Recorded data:

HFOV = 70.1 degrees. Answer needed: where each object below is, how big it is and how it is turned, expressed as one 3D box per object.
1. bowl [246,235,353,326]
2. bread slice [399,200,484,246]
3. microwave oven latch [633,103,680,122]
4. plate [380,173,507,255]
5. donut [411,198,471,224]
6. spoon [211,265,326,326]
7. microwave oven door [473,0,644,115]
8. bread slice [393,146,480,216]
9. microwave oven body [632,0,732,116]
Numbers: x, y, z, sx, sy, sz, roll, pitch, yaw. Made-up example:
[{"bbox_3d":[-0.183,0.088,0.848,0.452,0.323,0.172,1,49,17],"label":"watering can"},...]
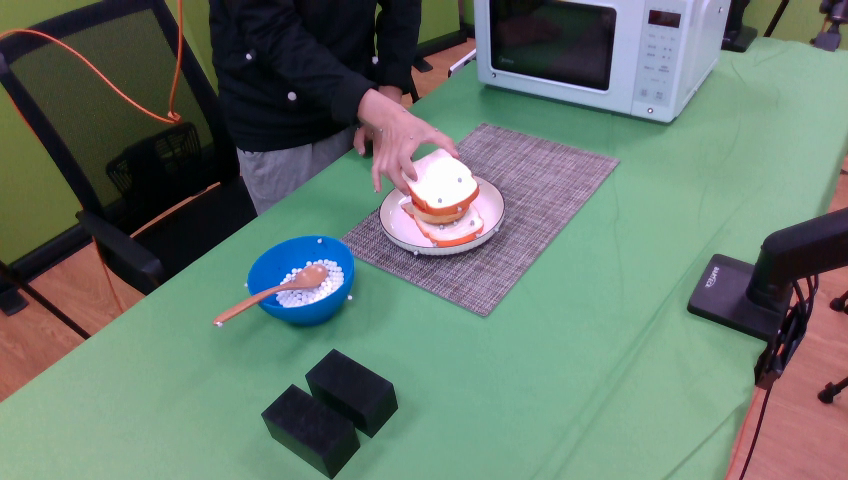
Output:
[{"bbox_3d":[-0.170,0.070,0.868,0.151,0.077,0.150,-4,41,4],"label":"bowl"},{"bbox_3d":[0.037,-0.039,0.990,0.107,0.018,0.133,-23,44,-17],"label":"bread slice"},{"bbox_3d":[0.444,-0.249,1.157,0.078,0.029,0.030,21,48,30],"label":"microwave oven latch"},{"bbox_3d":[0.033,-0.042,0.995,0.207,0.039,0.206,-4,40,4],"label":"plate"},{"bbox_3d":[0.028,-0.064,0.978,0.099,0.048,0.098,-4,39,4],"label":"donut"},{"bbox_3d":[-0.208,0.072,0.822,0.041,0.021,0.195,26,29,27],"label":"spoon"},{"bbox_3d":[0.257,-0.396,1.199,0.353,0.245,0.039,21,48,29],"label":"microwave oven door"},{"bbox_3d":[0.025,-0.092,0.943,0.105,0.019,0.130,-28,50,-14],"label":"bread slice"},{"bbox_3d":[0.377,-0.462,1.267,0.438,0.261,0.327,21,48,30],"label":"microwave oven body"}]
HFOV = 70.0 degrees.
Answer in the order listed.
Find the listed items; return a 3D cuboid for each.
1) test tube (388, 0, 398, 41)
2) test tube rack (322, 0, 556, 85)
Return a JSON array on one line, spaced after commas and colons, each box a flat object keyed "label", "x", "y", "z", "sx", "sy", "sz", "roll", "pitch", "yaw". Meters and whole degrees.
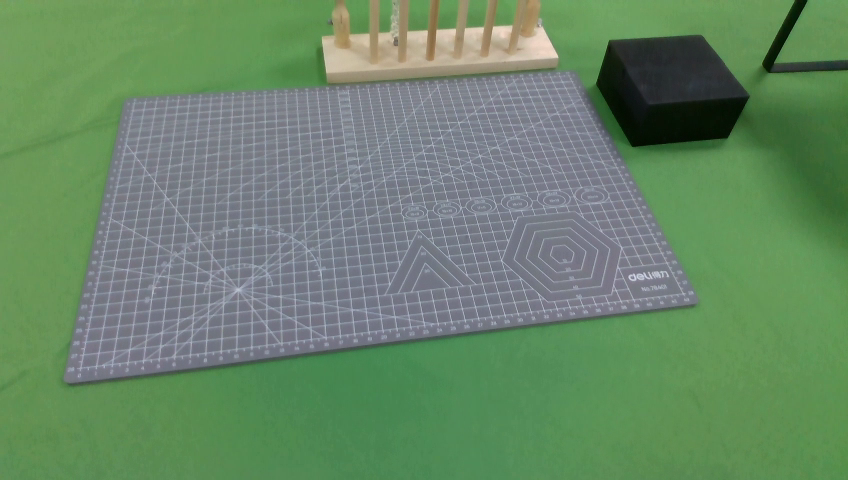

• Task requirements: In the entries above, tally the lines containing the word "each" and return only the tally.

• Answer for the task: 3